MATERIAL FOR THIS EXERCISE —
BEGIN

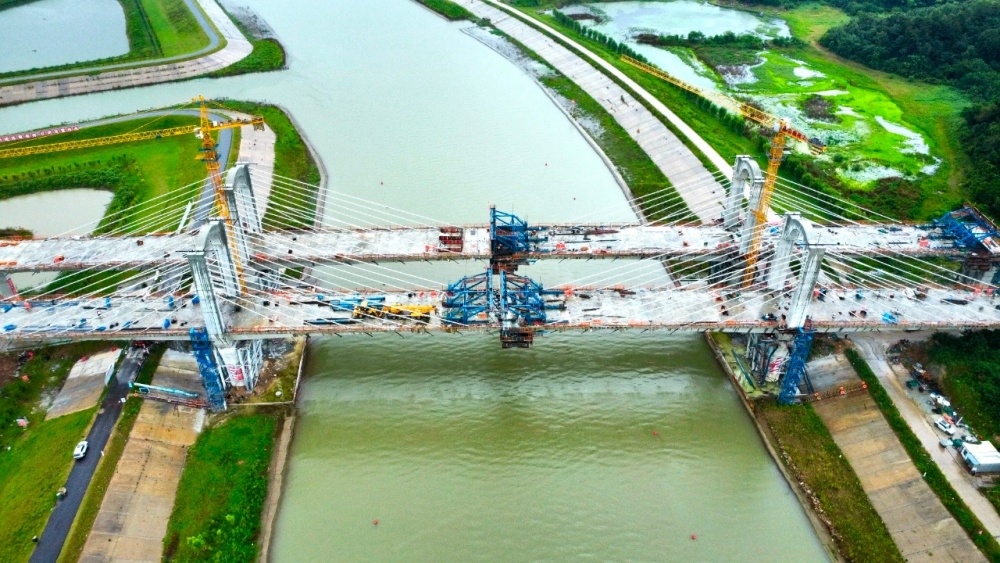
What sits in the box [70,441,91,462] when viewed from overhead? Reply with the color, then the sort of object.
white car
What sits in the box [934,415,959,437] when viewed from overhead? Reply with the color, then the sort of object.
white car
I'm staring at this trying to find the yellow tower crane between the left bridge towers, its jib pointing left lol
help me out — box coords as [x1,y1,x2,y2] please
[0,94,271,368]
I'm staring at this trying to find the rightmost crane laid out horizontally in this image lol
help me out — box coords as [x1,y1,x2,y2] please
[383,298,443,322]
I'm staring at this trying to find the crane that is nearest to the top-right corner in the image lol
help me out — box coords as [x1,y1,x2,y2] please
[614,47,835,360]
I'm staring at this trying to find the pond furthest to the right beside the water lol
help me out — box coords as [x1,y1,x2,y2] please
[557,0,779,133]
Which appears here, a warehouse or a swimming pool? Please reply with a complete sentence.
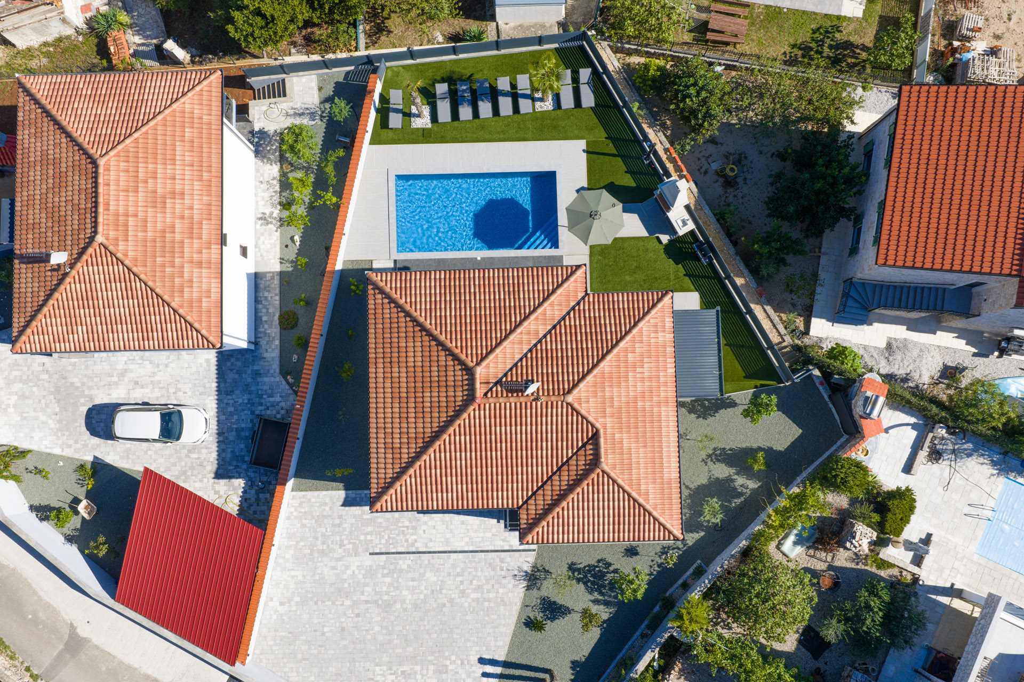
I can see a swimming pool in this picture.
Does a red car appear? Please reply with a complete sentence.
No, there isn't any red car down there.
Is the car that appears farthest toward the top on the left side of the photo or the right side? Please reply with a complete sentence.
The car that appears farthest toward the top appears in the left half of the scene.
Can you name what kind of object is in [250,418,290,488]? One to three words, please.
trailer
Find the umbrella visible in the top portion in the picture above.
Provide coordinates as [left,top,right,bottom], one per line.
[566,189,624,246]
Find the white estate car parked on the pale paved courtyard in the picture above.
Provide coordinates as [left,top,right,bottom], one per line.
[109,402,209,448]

END

ASSIGNMENT —
Everything in the data above gets copied exactly. Only the pictures are skipped.

THE ANSWER —
What sits in the box [70,441,91,462] when viewed from overhead? Reply with the color, then the sort of object.
white car
What sits in the box [934,415,959,437] when viewed from overhead? Reply with the color, then the sort of object.
white car
I'm staring at this trying to find the yellow tower crane between the left bridge towers, its jib pointing left lol
help me out — box coords as [x1,y1,x2,y2] please
[0,94,271,368]
I'm staring at this trying to find the rightmost crane laid out horizontally in this image lol
help me out — box coords as [x1,y1,x2,y2] please
[383,298,443,322]
I'm staring at this trying to find the crane that is nearest to the top-right corner in the image lol
help me out — box coords as [x1,y1,x2,y2] please
[614,47,835,360]
I'm staring at this trying to find the pond furthest to the right beside the water lol
help me out — box coords as [x1,y1,x2,y2] please
[557,0,779,133]
Which appears here, a warehouse or a swimming pool? Please reply with a complete sentence.
I can see a swimming pool in this picture.
Does a red car appear? Please reply with a complete sentence.
No, there isn't any red car down there.
Is the car that appears farthest toward the top on the left side of the photo or the right side? Please reply with a complete sentence.
The car that appears farthest toward the top appears in the left half of the scene.
Can you name what kind of object is in [250,418,290,488]? One to three words, please.
trailer
Find the umbrella visible in the top portion in the picture above.
Provide coordinates as [left,top,right,bottom], one per line.
[566,189,624,246]
Find the white estate car parked on the pale paved courtyard in the picture above.
Provide coordinates as [left,top,right,bottom], one per line.
[109,402,209,448]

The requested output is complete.